Start of Extracted material

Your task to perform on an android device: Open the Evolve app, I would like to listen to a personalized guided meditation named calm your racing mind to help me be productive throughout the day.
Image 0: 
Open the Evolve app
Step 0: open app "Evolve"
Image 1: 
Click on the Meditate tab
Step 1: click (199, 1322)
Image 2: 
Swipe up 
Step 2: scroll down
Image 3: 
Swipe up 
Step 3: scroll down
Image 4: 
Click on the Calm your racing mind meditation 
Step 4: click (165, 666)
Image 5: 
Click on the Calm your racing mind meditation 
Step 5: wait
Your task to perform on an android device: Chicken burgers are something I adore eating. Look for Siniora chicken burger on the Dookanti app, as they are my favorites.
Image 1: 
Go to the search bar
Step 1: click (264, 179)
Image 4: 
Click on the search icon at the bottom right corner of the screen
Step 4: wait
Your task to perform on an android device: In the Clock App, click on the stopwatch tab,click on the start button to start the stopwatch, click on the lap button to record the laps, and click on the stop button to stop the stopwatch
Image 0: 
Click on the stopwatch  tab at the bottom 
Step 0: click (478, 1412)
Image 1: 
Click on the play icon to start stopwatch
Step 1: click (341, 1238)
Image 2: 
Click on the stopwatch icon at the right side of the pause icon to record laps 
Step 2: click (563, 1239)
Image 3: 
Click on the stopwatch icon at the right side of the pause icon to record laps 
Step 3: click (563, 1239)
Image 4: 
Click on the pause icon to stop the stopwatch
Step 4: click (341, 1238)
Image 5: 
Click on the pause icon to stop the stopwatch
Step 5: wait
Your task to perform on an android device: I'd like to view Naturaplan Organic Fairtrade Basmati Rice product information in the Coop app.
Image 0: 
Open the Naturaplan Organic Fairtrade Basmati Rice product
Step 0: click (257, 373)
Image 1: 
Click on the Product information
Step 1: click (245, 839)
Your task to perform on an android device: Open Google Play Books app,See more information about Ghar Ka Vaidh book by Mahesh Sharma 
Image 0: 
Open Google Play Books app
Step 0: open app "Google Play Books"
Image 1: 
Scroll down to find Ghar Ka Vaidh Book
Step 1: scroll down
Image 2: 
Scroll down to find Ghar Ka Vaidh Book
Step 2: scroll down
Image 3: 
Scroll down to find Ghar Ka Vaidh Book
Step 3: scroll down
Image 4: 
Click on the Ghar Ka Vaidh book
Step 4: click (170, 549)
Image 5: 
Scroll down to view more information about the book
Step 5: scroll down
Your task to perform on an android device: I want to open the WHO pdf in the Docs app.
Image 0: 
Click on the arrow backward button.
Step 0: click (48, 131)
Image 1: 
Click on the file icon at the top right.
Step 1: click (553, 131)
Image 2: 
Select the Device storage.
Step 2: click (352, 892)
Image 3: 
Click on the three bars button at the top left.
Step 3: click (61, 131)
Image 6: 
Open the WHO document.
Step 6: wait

End of Extracted material

■ **Aim of the exercise**:
The expected output is the run of lines from the one holding "Click on the file icon at the top right." to the last line of the entries above, each reproduced character for character.

■ **Written answer**:
Click on the file icon at the top right.
Step 1: click (553, 131)
Image 2: 
Select the Device storage.
Step 2: click (352, 892)
Image 3: 
Click on the three bars button at the top left.
Step 3: click (61, 131)
Image 6: 
Open the WHO document.
Step 6: wait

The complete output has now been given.